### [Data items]
--- START ---
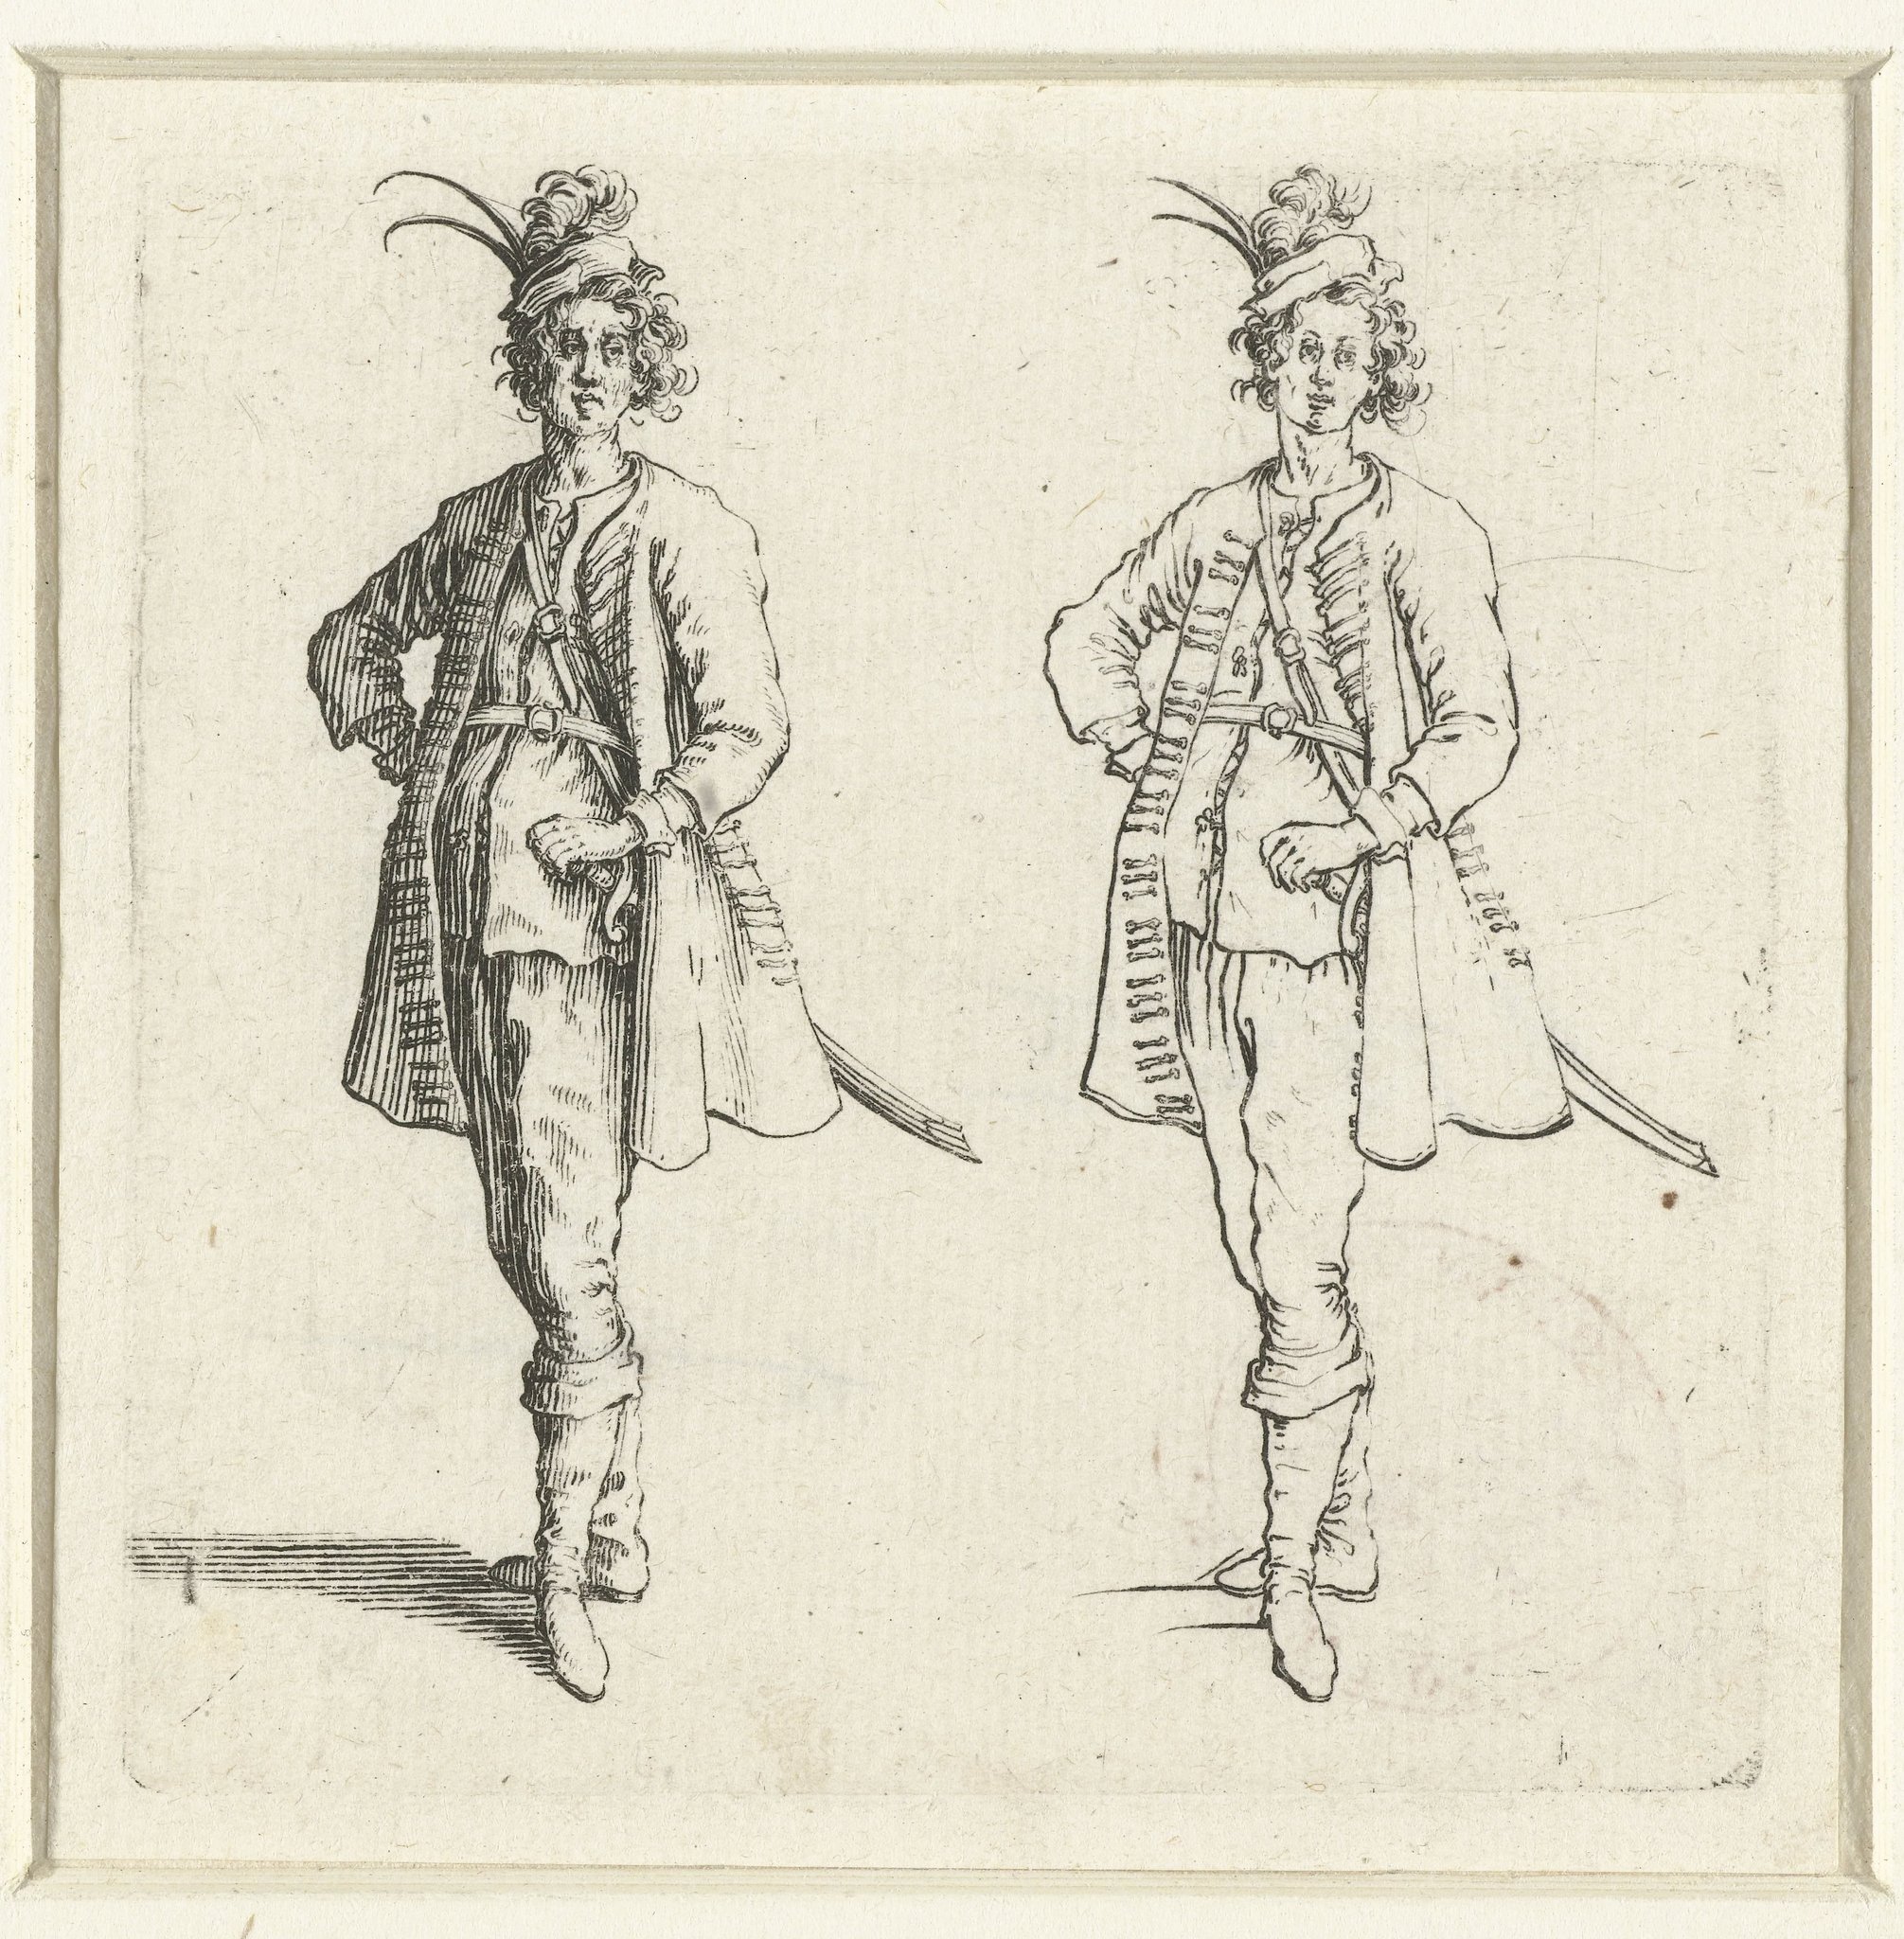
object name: print
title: Varie figure di Jacopo Callot
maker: jacques callot
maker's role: draughtsman, print maker
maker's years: 1592-1635
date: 1621-1624
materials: paper
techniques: etching
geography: nancy
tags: private soldier, head-gear: hat (+ men's clothes)
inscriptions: collector's mark: Lugt 240
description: Een soldaat met een gepluimd hoedje op het hoofd, de rechterhand in de zij, de linkerhand op het gevest van zijn zwaard, van voren gezien, tweemaal afgebeeld: rechts als lijnfiguur, links meer uitgewerkt met schaduwpartijen. Deze prent is onderdeel van een serie van 16 prenten (15 volgens Lieure; 17 resp. 16 incl. titelprent) met mannen en vrouwen in diverse houdingen. Mogelijk zijn deze prenten bedoeld geweest als tekenvoorbeelden.
--- END ---
### [YOUR INSTRUCTIONS]
Leaving the pictures aside, give back all the records exactly as they are.

### [ANSWER FOR THE TASK]
object name: print
title: Varie figure di Jacopo Callot
maker: jacques callot
maker's role: draughtsman, print maker
maker's years: 1592-1635
date: 1621-1624
materials: paper
techniques: etching
geography: nancy
tags: private soldier, head-gear: hat (+ men's clothes)
inscriptions: collector's mark: Lugt 240
description: Een soldaat met een gepluimd hoedje op het hoofd, de rechterhand in de zij, de linkerhand op het gevest van zijn zwaard, van voren gezien, tweemaal afgebeeld: rechts als lijnfiguur, links meer uitgewerkt met schaduwpartijen. Deze prent is onderdeel van een serie van 16 prenten (15 volgens Lieure; 17 resp. 16 incl. titelprent) met mannen en vrouwen in diverse houdingen. Mogelijk zijn deze prenten bedoeld geweest als tekenvoorbeelden.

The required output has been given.